2. Modular Prompt System
The prompts/ directory contains reusable prompt components that are imported and combined in generation modules, allowing for consistent quality standards across different generation tasks.
3. Structured Output Generation
All LLM interactions use Pydantic models with the instructor library to ensure consistent, validated output formats using OpenAI's structured output API.
4. Source Tracking via XML Tags
Content is wrapped in XML tags (e.g., <source file="example.ipynb">content</source>) throughout the pipeline to maintain traceability from source files to generated questions.
Technology Stack
- Python 3.8+
- Gradio 5.29.0+: Web-based UI framework
- Pydantic 2.8.0+: Data validation and schema management
- OpenAI 1.52.0+: LLM API integration
- Instructor 1.7.9+: Structured output generation
- nbformat 5.9.2: Jupyter notebook parsing
- python-dotenv 1.0.0: Environment variable management
Data Models
Learning Objectives Progression
The system uses a hierarchical progression of learning objective models:
1. BaseLearningObjectiveWithoutCorrectAnswer
- id: int
- learning_objective: str
- source_reference: Union[List[str], str]
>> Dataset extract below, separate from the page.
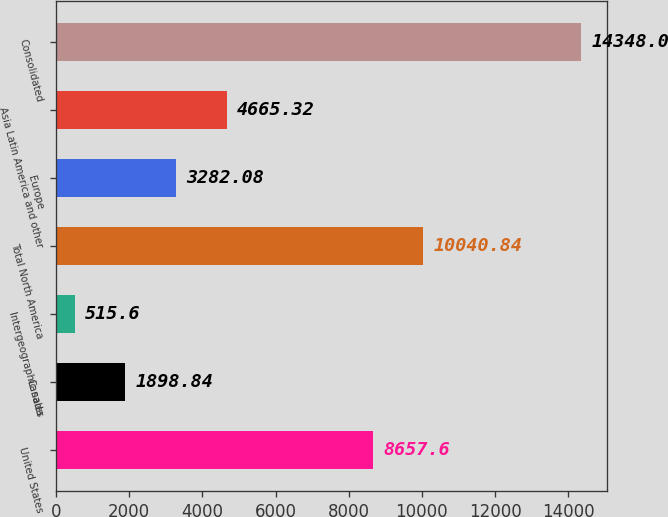Convert chart to OTSL. <chart><loc_0><loc_0><loc_500><loc_500><bar_chart><fcel>United States<fcel>Canada<fcel>Intergeographic sales<fcel>Total North America<fcel>Europe<fcel>Asia Latin America and other<fcel>Consolidated<nl><fcel>8657.6<fcel>1898.84<fcel>515.6<fcel>10040.8<fcel>3282.08<fcel>4665.32<fcel>14348<nl></chart> 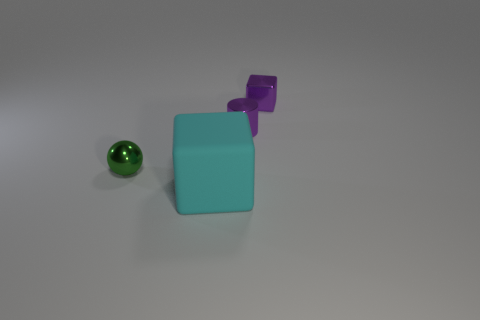Add 1 large cyan matte things. How many objects exist? 5 Subtract all purple blocks. How many blocks are left? 1 Subtract all cylinders. How many objects are left? 3 Subtract 1 blocks. How many blocks are left? 1 Subtract all red spheres. Subtract all purple blocks. How many spheres are left? 1 Subtract all gray balls. How many cyan blocks are left? 1 Subtract all tiny purple things. Subtract all tiny purple cylinders. How many objects are left? 1 Add 3 purple things. How many purple things are left? 5 Add 3 small purple metal cubes. How many small purple metal cubes exist? 4 Subtract 0 brown blocks. How many objects are left? 4

Initial generation without correct answers.
2. BaseLearningObjective
- id: int
- learning_objective: str
- source_reference: Union[List[str], str]
- correct_answer: str
Base objectives with correct answers added.
3. LearningObjective
- id: int
- learning_objective: str
- source_reference: Union[List[str], str]
- correct_answer: str
- incorrect_answer_options: Union[List[str], str]
- in_group: Optional[bool]
- group_members: Optional[List[int]]
- best_in_group: Optional[bool]
Enhanced with incorrect answer suggestions and grouping metadata.
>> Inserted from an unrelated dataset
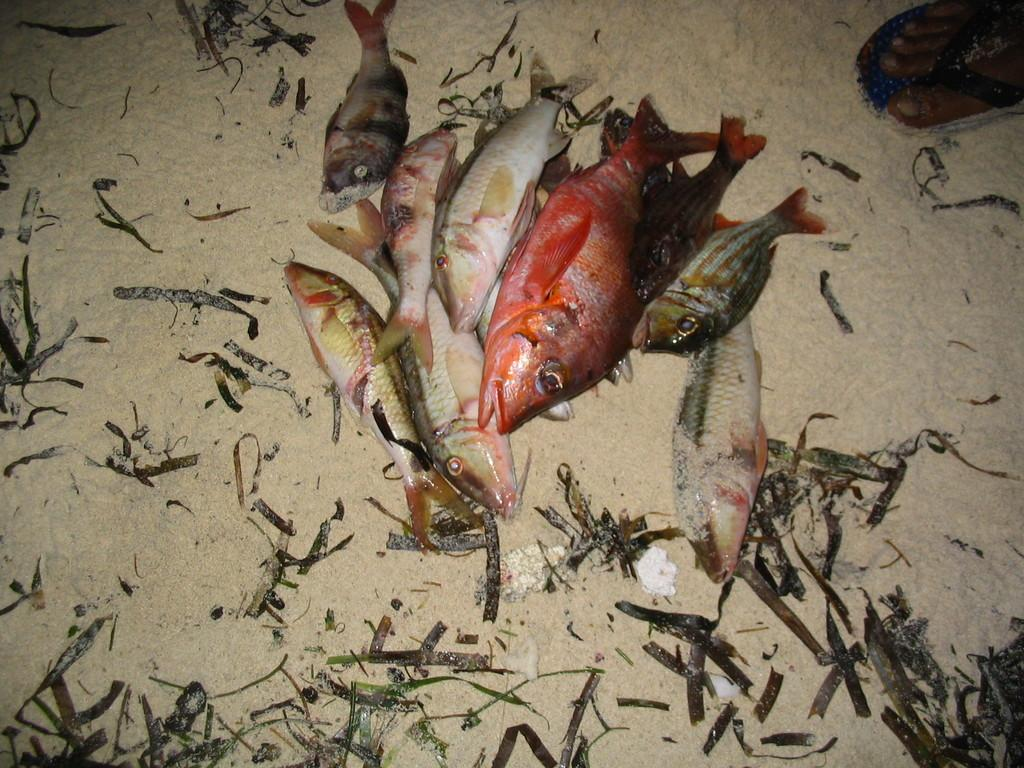What type of animals can be seen in the image? There are fish in the image. What can be found on the ground in the image? There are leaves on the ground in the image. Can you describe any part of a person visible in the image? A human leg is visible in the top right corner of the image. What news is being reported by the crowd in the image? There is no crowd present in the image, so no news is being reported.

4. GroupedLearningObjective
(All fields from LearningObjective)
- in_group: bool (required)
- group_members: List[int] (required)
- best_in_group: bool (required)
Fully grouped and ranked objectives.
Question Models Progression
1. MultipleChoiceOption
- option_text: str
- is_correct: bool
- feedback: str
2. MultipleChoiceQuestion
- id: int
- question_text: str
- options: List[MultipleChoiceOption]
- learning_objective_id: int
- learning_objective: str
- correct_answer: str
- source_reference: Union[List[str], str]
- judge_feedback: Optional[str]
- approved: Optional[bool]
3. RankedMultipleChoiceQuestion
(All fields from MultipleChoiceQuestion)
- rank: int
- ranking_reasoning: str
- in_group: bool
- group_members: List[int]
- best_in_group: bool
4. Assessment
- learning_objectives: List[LearningObjective]
- questions: List[RankedMultipleChoiceQuestion]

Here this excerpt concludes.